Pantau Flash
No market data
HOME  ⁄  Nasional

Investasi Raksasa Eni Senilai 15 Miliar Dolar AS Dorong Proyek Gas Laut Dalam di Kalimantan Timur

Oleh Arian Mesa
SHARE   :

Investasi Raksasa Eni Senilai 15 Miliar Dolar AS Dorong Proyek Gas Laut Dalam di Kalimantan Timur
Foto: Kepala SKK Migas Djoko Siswanto (sumber: ANTARA/Putu Indah Savitri)

Pantau - Perusahaan energi global asal Italia, Eni, resmi mengambil keputusan final investment decision (FID) untuk proyek pengembangan gas laut dalam di lepas pantai Kalimantan Timur dengan nilai investasi sekitar 15 miliar dolar AS.

Kepala SKK Migas Djoko Siswanto menyampaikan bahwa keputusan tersebut menjadi sinyal kuat kepercayaan investor global terhadap sektor hulu migas Indonesia.

"Keputusan investasi ini menunjukkan kepercayaan besar investor global terhadap sektor hulu migas Indonesia," ungkapnya.

Keputusan FID ini dinilai relatif cepat karena hanya memakan waktu sekitar 18 bulan setelah persetujuan plan of development (POD) pada 2024, sekaligus mencerminkan percepatan pengembangan proyek migas laut dalam di Indonesia.

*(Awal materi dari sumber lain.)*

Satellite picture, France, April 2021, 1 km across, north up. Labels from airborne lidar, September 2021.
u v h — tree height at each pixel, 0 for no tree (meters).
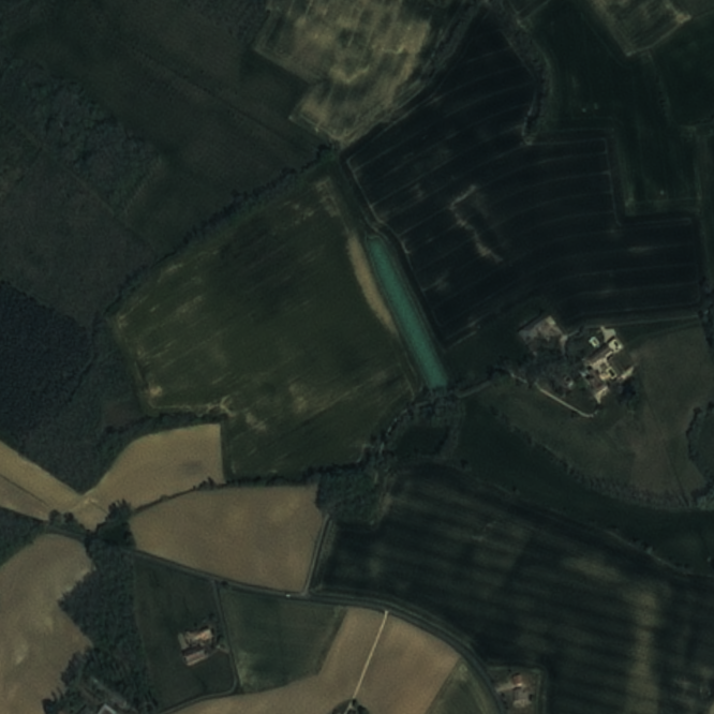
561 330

Pengembangan Dua Hub Gas Laut Dalam

Pengembangan proyek ini mencakup dua wilayah utama yakni Gendalo-Gandang (South Hub) dan Geng North-Gehem (North Hub) yang akan memanfaatkan teknologi produksi laut dalam serta infrastruktur yang sudah tersedia.

Pada South Hub, pengembangan dilakukan di kedalaman laut antara 1.000 hingga 1.800 meter dengan pengeboran tujuh sumur produksi yang dihubungkan ke fasilitas Jangkrik Floating Production Unit (FPU).

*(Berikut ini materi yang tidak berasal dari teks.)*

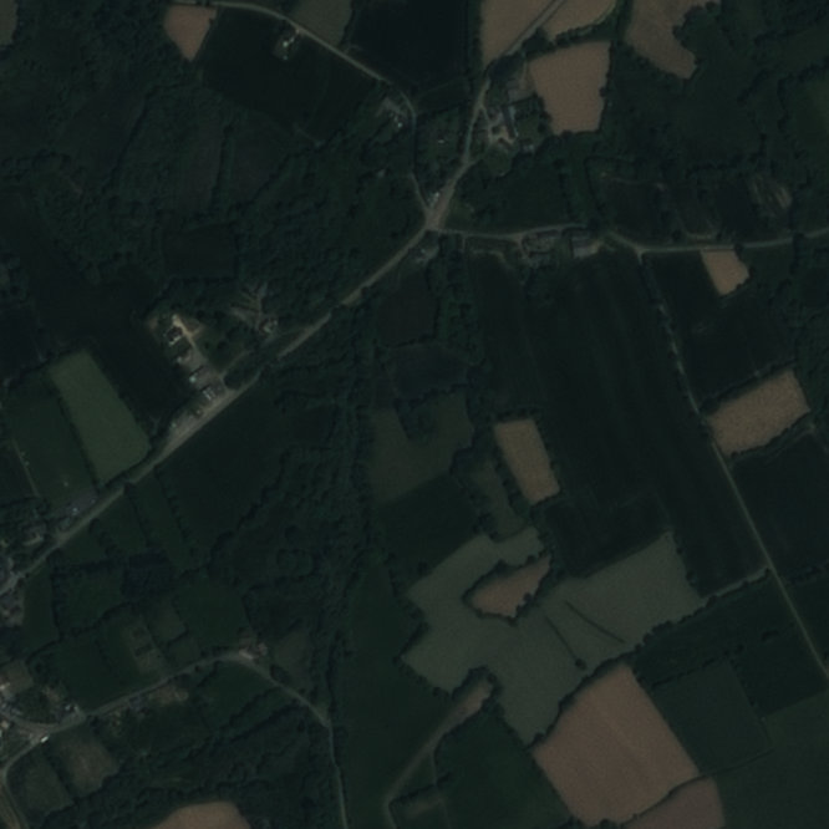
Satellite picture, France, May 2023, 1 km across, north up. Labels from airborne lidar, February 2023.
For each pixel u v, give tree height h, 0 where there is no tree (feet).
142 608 59
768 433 0
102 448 0
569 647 0
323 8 0
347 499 50
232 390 27
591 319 0
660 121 0
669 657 0
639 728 0
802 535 0
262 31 0
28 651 25
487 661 0
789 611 0
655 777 0
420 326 0
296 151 0
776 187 0
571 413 0
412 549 0
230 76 0
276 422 0
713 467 0
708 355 0
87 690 0
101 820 39
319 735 54
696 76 21
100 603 0
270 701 28
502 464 20
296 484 0
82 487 0
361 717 0
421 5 0
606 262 0
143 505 42
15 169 28
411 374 0
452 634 0
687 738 0
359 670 0
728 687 0
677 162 50
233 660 0
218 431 0
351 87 0
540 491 0
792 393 0
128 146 21
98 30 74
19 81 0
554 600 0
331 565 31
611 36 30
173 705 0
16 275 55
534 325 0
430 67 0
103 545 30
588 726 0
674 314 0
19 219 0
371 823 0
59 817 51
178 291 46
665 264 0
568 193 62
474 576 0
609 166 30
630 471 0
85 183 57
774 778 0
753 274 40
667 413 0
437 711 0
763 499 0
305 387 0
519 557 0
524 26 0
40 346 0
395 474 0
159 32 31
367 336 56
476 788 0
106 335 0
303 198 25
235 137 28
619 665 20
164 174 33
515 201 0
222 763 32
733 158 0
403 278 0
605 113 22
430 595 0
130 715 22
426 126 56
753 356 0
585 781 0
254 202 21
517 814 0
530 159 45
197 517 0
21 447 0
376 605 0
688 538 0
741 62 0
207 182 0
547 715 0
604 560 0
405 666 24
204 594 0
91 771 0
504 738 0
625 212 0
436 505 0
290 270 34
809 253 55
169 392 0
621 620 0
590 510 0
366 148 32
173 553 0
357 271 21
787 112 27
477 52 40
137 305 0
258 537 0
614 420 0
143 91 33
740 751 0
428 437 32
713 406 39
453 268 29
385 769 0
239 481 0
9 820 0
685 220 0
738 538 0
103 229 24
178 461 0
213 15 0

Sementara itu, North Hub akan melibatkan pengeboran 16 sumur pada kedalaman hingga 2.000 meter yang terhubung ke fasilitas produksi terapung baru berupa Floating Production Storage and Offloading (FPSO).

FPSO tersebut dirancang memiliki kapasitas pemrosesan lebih dari 1 miliar kaki kubik gas per hari atau sekitar 1.000 MMSCFD serta mampu memproduksi sekitar 90.000 barel kondensat per hari.

Target Produksi dan Dampak Ekonomi

Total potensi sumber daya dari proyek ini diperkirakan mencapai 10 triliun kaki kubik gas (TCF) dan 550 juta barel kondensat dengan target produksi dimulai pada 2028.

Produksi diproyeksikan mencapai puncaknya pada 2029 dengan kapasitas sekitar 2 miliar kaki kubik gas per hari yang akan dialirkan ke darat untuk memenuhi kebutuhan domestik serta mendukung produksi LNG di Bontang bagi pasar dalam negeri dan ekspor.

Pemanfaatan fasilitas seperti Jangkrik FPU dan reaktivasi Train F Kilang LNG Bontang ditujukan untuk menekan biaya sekaligus mempercepat proses komersialisasi gas.

Investasi ini juga diperkirakan memberikan dampak ekonomi luas termasuk penyerapan ribuan tenaga kerja serta menjadi bagian dari kerja sama bisnis antara Eni dan Petronas Malaysia yang menargetkan pembentukan entitas baru dengan produksi gabungan lebih dari 500.000 barel setara minyak per hari pada 2029.

Pemerintah bersama SKK Migas akan terus mendorong percepatan proyek strategis ini agar memberikan manfaat maksimal bagi perekonomian nasional dan masyarakat.